The real impact of ignorant politicians

Walking the Richmond Slave Trail with Free Egunfemi — who gave me a powerful reminder of how our past can inform our future.

What image do you see when you hear “Southern culture” or “Southern voters”?

Too often, these terms are used as shorthand for white, conservative Southerners who live below the Mason-Dixon Line. This pattern completely obscures the real and valuable experiences of Black Virginians.

Desperate politicians continue to stoke neo-confederate sentiments — and the implications are real and harmful.

When the Civil War raged, a majority of the people living in my hometown of Charlottesville and in Albemarle County were Black slaves. Those who liberated Richmond from the Confederacy were mostly southerners — and a great many of them were recently freed Black people, fighting for both their own dignity and the future of our Union. Growing up in Virginia, I often wondered why I was supposed to identify with those who fought for the Confederacy instead of those Virginians who fought with great courage to save the Union and end our greatest sin.

Unfortunately, years later, we still see people like Corey Stewart touting an ignorant, backward-looking view of Virginia. Too often, even among white liberals, we play into this false narrative. We do so every time we talk about Lincoln freeing the slaves, discounting the efforts that free Black people played in saving the Union.

Viewing history from this vantage, I’m reminded of the story of a young Black man working in Richmond at the Virginia legislature in the final days of the Civil War. When his state of Virginia seceded from the Union and the American flag was brought down, he was the one who stored that flag for safekeeping. Eventually Richmond was liberated by brave soldiers, then this proud Black Virginian hoisted that flag back up for all to see, saying it was the only flag he’d ever known.

I witnessed a similar dynamic when I was helping to organize an interfaith coalition on poverty and climate issues. The news media regularly commented on how evangelical Christians overwhelmingly supported the Republican Party. What they meant was white evangelicals. What they missed or ignored was the fact that the most consistent religious voting bloc in America is one that consistently votes overwhelmingly for Democrats: the African-American community of evangelicals.

These are not merely slips of the tongue; they’re a reflection of our culture, real or imagined.
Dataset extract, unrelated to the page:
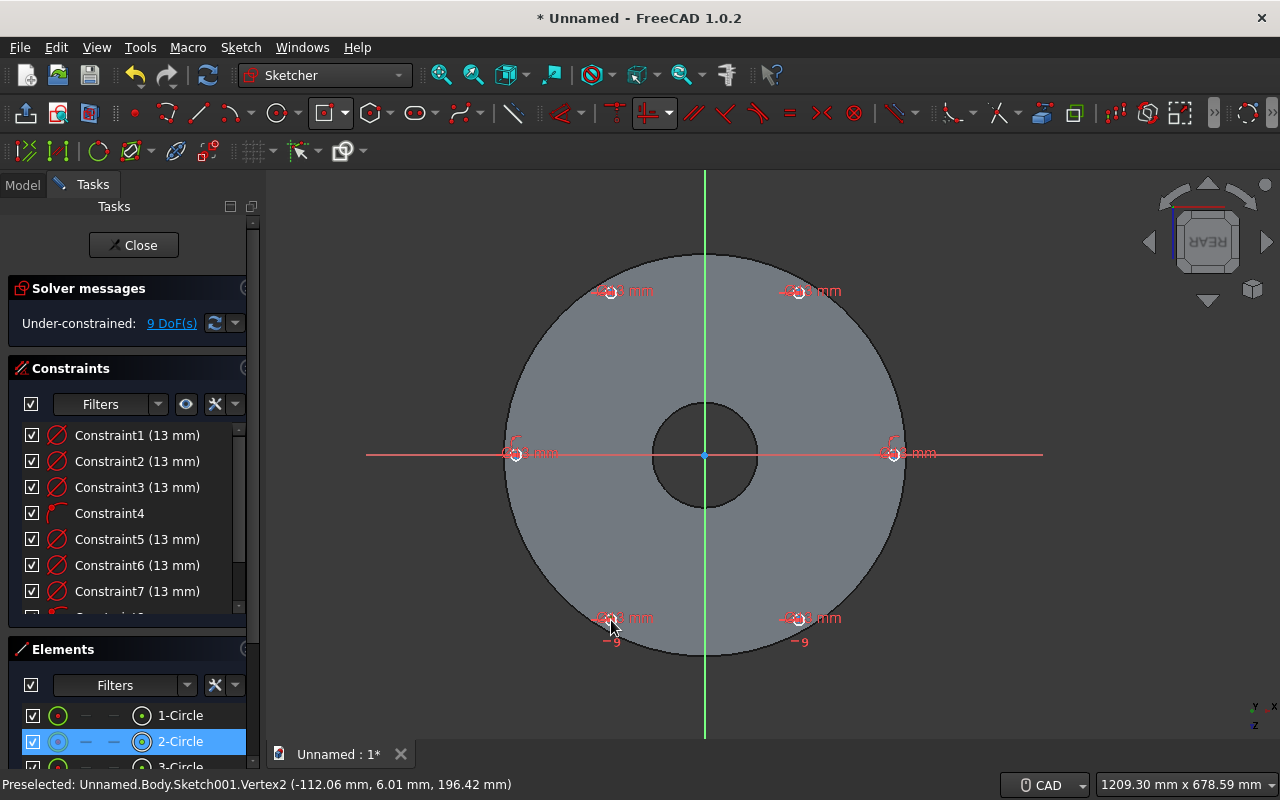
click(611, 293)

When politicians or media perpetuate ignorant statements, they are participating, wittingly or not, in the systemic erasure of our real and shared heritage. I am compelled to call them out and make the effort to set the historical record straight. The role of African Americans deserves accurate and equal footing as we tell the American and Southern story and reclaim our heritage, free from the ignorance of people like Corey Stewart.